I was almost out the door when I spotted Benjamin by his car. Before my mind could catch up with my plan, I was already jogging towards him.
"Sarah? Wow, I didn't know you were still here. I thought I was the only one who apparently worked past necessary." He chuckled.
That was another fact I had noticed about Benjamin Lee. For a man who had lost his wife and was a self-proclaimed workaholic and maybe an ex agent hell bent on exposing Headquarters, he sure did laugh a lot. It didn't matter that nothing was funny.
"Caught me." I smiled in return. "I was actually wondering if you could point me to the nearest bus station. I was apparently scatterbrained this morning and totally locked my keys in my car. My spare is in my apartment." I lied smoothly.
Another thing I noted about him: he was overly nice. Either as part of his coverup or...well because he just was.
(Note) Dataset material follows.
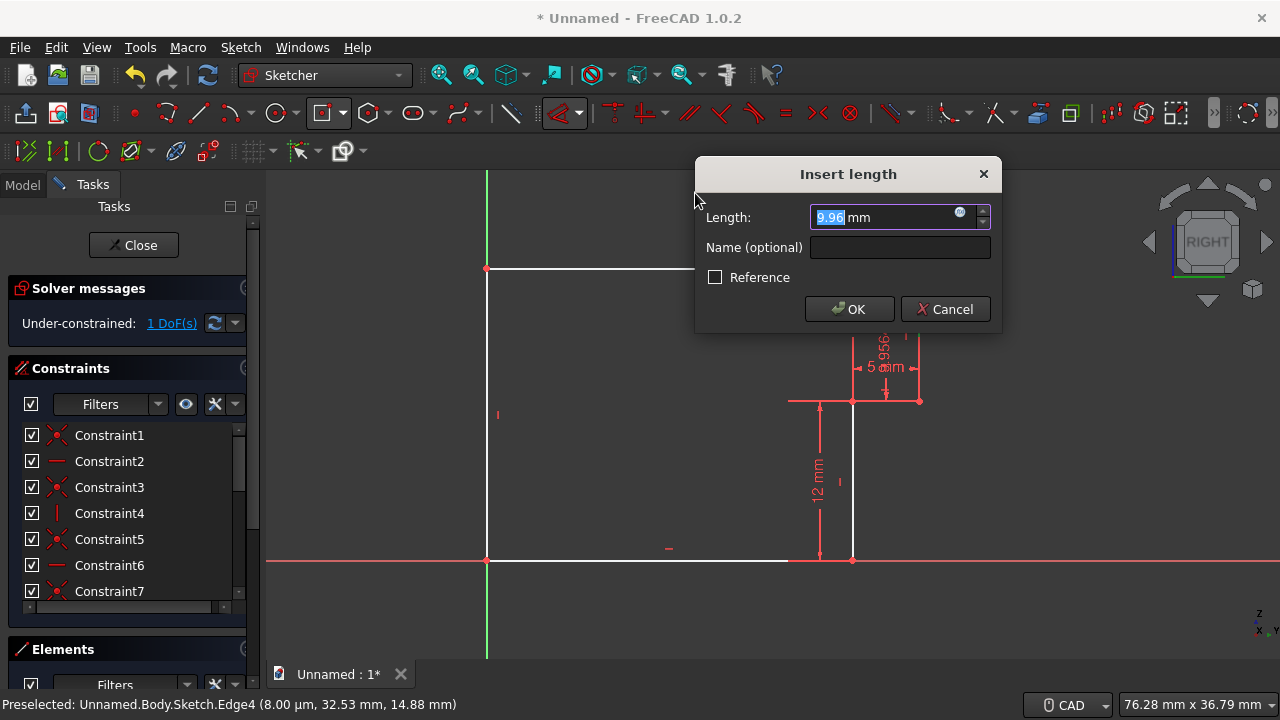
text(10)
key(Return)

But if my observations were correct, which they always were, he would offer to give me a lift... Assuming he hadn't heard the jangling of the keys in my purse when I jogged over to him.
A thoughtful expression crossed his face before he laughed. Again.
"No worries, I'll just give you a ride."
Of course, you will.

Cue the polite decline...now.
"Oh no! I couldn't impose. We've been here all day and I'm sure you want to get home. I don't recall either one of us taking a lunch break today, so I'm sure you're just are ready for a hot meal as I am." I gushed, putting on my best damsel face.
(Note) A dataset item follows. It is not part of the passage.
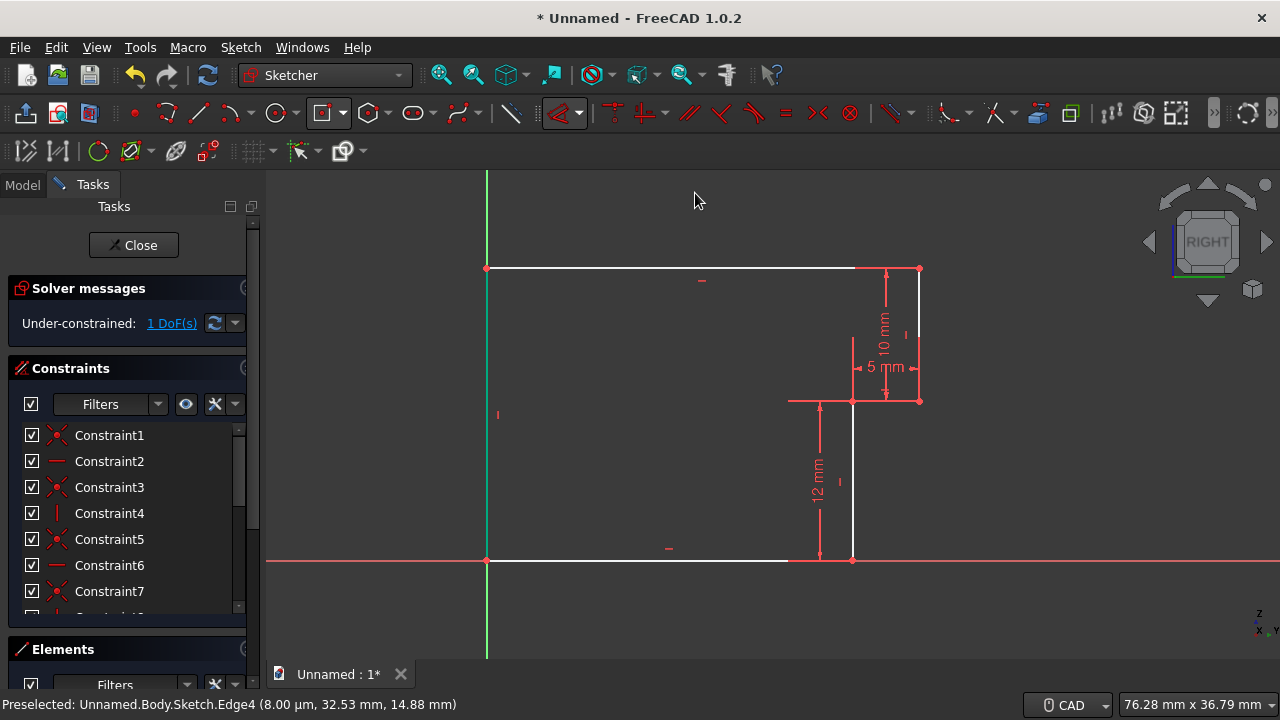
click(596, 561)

Go ahead. Take the bait and invite me to dinner.
My stomach churned at my inauthenticity, but my inner dialogue kept mt from cringing at the amount of lies I was telling.
"Now, I insist. I was going to grab something to eat anyway. But twos always better than one and all that."

Perfect.
"Really? If you're sure it's not too much of an inconvenience..." I let the sentence linger off, knowing he would cut off my objections.
"Seriously, I don't mind."
Cue the laugh.
He laughed.
I smiled despite myself and walked to the passenger door. Sliding in his silver BMW. The interior was cleaner than I expected, with a slight mint and air freshener smell. I sent a quick text to One letting her know I wouldn't be training today because I would be with Lee. She sent back a wink face emoji.
"Where were you going to eat?" I wondered. It would be much easier inspecting his car for anything out of the ordinary if he was talking. Since breaking into his car would probably look shady, I decided this was the better option. It didn't seem in his character to let me take the bus home, so him refusing to take me home or simply not offering would have meant that there was something in his car he didn't want me to see. But all I could tell from my seat was that he was neat. There weren't even gum wrappers in the cup holder or footprints on the matt.
"I was actually going to grab pizza, is that okay?
"That's fine!" I answered cheerfully, while staring at his hands on the wheel. Even his nails were perfect. Chief always looked his best, but even he never looked quite so squeaky clean as Benjamin Lee.
"Do you mind the radio?" he asked, reaching to change the station.
"No, I don't get to listen to the radio very often, I don't even know what's popular nowadays." I admitted. And it was true. The last time I was Awake the world was still raving about Taylor Swift and Beyoncé. I wondered idly if they were still alive.
"Yeah, I know what you mean. If I'm not at work, then I'm thinking about work." he said.
"Spoken like a true workaholic."
"Guilty as charged." he grinned. He couldn't see me, so I didn't bother trying to smile.

It would have been a futile effort anyway because my mind was far too busy wondering what else he could be guilty of.